We have our basic model. Now suppose we get a new example, but this example contains unknown words:


In [16]:
new_examples = ['Johnny kind of likes chicken']
new_labels = ['pos']

new_vectorizer = CountVectorizer(min_df=1, binary=True)
new_vectorizer.fit(new_examples)
new_words = new_vectorizer.get_feature_names()
print 'new words:', new_words

unknown_words = list(set(new_words) - set(vocabulary.keys()))
print 'unknown words:', unknown_words

for w in unknown_words:
    vocabulary[w] = len(vocabulary)

# enlarge our vocabulary and our weight vector
print 'new vocabulary:', vocabulary
new_weights = np.zeros(shape=(model.coef_.shape[0], len(unknown_words)))
model.coef_ = np.concatenate((model.coef_, new_weights), axis=1)

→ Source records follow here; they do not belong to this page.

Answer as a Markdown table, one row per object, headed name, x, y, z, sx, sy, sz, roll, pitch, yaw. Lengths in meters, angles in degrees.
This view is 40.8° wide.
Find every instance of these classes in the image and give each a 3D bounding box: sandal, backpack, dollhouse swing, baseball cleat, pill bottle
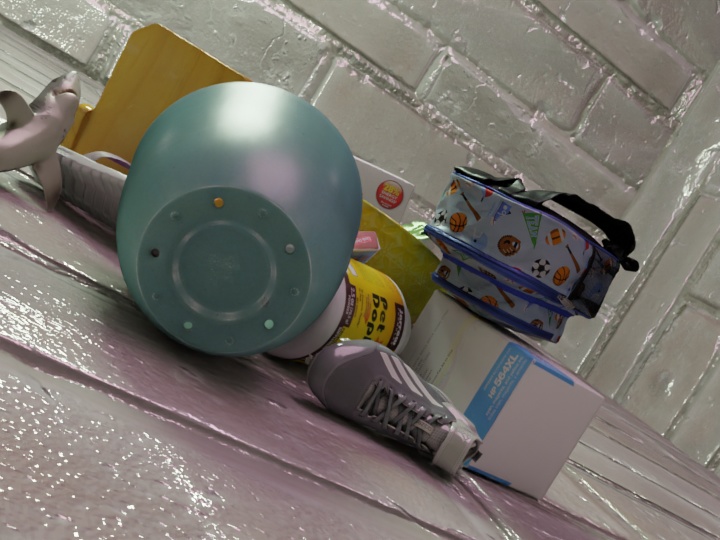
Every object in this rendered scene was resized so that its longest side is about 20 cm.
| name | x | y | z | sx | sy | sz | roll | pitch | yaw |
| --- | --- | --- | --- | --- | --- | --- | --- | --- | --- |
| sandal | -0.235 | -0.081 | 0.934 | 0.201 | 0.050 | 0.083 | 29 | -36 | 13 |
| backpack | 0.155 | -0.022 | 1.005 | 0.199 | 0.155 | 0.190 | 23 | -7 | 39 |
| dollhouse swing | -0.182 | -0.122 | 1.023 | 0.199 | 0.177 | 0.182 | 33 | -5 | 22 |
| baseball cleat | 0.042 | 0.119 | 0.829 | 0.199 | 0.070 | 0.106 | 27 | 7 | -45 |
| pill bottle | -0.023 | 0.042 | 0.947 | 0.109 | 0.110 | 0.200 | 34 | 5 | 28 |

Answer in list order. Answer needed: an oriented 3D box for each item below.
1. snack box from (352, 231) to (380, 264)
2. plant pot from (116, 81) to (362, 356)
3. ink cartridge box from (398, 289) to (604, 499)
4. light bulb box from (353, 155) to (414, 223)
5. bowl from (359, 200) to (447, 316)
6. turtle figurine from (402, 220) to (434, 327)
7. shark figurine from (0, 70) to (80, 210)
| name | x | y | z | sx | sy | sz | roll | pitch | yaw |
| --- | --- | --- | --- | --- | --- | --- | --- | --- | --- |
| snack box | -0.077 | -0.012 | 0.960 | 0.198 | 0.072 | 0.025 | -2 | 62 | -38 |
| plant pot | -0.096 | -0.027 | 0.741 | 0.199 | 0.202 | 0.161 | 31 | 19 | -12 |
| ink cartridge box | 0.127 | 0.120 | 1.022 | 0.128 | 0.126 | 0.200 | 28 | 7 | -37 |
| light bulb box | -0.041 | -0.112 | 1.468 | 0.196 | 0.126 | 0.200 | 24 | 2 | -8 |
| bowl | 0.000 | 0.000 | 1.121 | 0.199 | 0.108 | 0.200 | 35 | -8 | 5 |
| turtle figurine | 0.055 | 0.026 | 1.327 | 0.142 | 0.196 | 0.201 | -4 | 34 | 11 |
| shark figurine | -0.344 | -0.117 | 0.854 | 0.089 | 0.130 | 0.214 | 5 | 8 | 32 |

vectorizer = CountVectorizer(min_df=0, binary=True, vocabulary = vocabulary)
new_X = vectorizer.fit_transform(new_examples)
new_y = le.transform(new_labels)


model.partial_fit(new_X, new_y)

print model.coef_


new words: [u'chicken', u'johnny', u'kind', u'likes', u'of']
unknown words: [u'of', u'kind', u'likes', u'johnny']
new vocabulary: {u'kind': 5, u'dont': 1, u'johnny': 7, u'of': 4, u'pie': 3, u'likes': 6, u'chicken': 0, u'like': 2}
[[ 0.0630938  -9.91648188 -4.92646192  4.99001996  9.97957568  9.97957568
   9.97957568  9.97957568]]

We notice that the weight vector was properly (eg. incrementally) updated via stochastic gradient descent.